§ What the task requires:
Copy every line from the data below in which the string "enclose" can be found.

━━━━━━━━━━━━━━━━━━━━━━━━━━━━━━

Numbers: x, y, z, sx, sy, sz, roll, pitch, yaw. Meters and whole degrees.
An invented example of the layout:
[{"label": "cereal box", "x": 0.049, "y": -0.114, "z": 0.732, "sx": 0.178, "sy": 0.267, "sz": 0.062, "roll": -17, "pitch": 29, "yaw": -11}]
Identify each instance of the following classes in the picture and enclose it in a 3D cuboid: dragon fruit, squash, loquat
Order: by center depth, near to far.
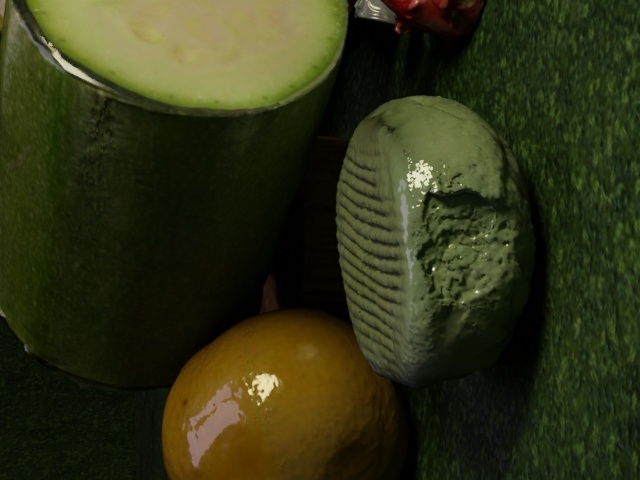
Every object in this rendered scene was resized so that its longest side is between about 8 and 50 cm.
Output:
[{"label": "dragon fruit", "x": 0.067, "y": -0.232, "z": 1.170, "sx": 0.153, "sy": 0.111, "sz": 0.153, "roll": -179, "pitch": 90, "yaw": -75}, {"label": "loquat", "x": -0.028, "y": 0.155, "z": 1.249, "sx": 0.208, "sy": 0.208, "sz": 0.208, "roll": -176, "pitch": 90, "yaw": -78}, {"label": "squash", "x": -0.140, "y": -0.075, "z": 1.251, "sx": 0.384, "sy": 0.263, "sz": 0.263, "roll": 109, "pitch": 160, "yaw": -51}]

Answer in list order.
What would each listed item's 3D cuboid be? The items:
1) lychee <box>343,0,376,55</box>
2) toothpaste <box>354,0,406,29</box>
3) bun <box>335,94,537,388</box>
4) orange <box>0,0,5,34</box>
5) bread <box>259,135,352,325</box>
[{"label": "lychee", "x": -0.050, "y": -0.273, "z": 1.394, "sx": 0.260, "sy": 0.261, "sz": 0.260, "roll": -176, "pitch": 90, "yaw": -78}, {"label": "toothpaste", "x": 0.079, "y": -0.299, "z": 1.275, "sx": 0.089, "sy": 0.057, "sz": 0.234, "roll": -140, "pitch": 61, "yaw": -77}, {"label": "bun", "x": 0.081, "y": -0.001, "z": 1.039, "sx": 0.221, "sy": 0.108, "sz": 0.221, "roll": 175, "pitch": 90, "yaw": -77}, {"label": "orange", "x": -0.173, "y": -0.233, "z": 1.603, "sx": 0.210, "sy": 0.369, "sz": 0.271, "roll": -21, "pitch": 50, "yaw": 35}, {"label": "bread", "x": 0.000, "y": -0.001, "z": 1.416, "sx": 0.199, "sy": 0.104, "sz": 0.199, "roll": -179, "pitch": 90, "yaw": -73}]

━━━━━━━━━━━━━━━━━━━━━━━━━━━━━━

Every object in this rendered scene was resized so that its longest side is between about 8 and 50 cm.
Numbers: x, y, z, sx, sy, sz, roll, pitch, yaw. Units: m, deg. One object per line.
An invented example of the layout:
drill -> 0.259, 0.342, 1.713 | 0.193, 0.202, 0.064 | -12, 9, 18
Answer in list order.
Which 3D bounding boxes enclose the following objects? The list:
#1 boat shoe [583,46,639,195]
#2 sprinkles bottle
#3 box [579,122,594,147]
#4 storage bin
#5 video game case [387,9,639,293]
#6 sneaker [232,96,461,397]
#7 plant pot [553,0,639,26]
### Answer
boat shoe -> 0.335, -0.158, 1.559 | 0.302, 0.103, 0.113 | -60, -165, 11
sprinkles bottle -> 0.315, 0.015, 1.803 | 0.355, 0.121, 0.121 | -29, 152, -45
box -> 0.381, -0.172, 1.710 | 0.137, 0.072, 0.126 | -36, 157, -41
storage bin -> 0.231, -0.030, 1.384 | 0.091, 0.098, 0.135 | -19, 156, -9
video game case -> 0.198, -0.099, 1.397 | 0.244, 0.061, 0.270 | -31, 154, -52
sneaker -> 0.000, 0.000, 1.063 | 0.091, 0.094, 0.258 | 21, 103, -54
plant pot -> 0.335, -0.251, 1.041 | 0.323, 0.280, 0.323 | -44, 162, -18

━━━━━━━━━━━━━━━━━━━━━━━━━━━━━━

§ Output:
Identify each instance of the following classes in the picture and enclose it in a 3D cuboid: dragon fruit, squash, loquat
Which 3D bounding boxes enclose the following objects? The list:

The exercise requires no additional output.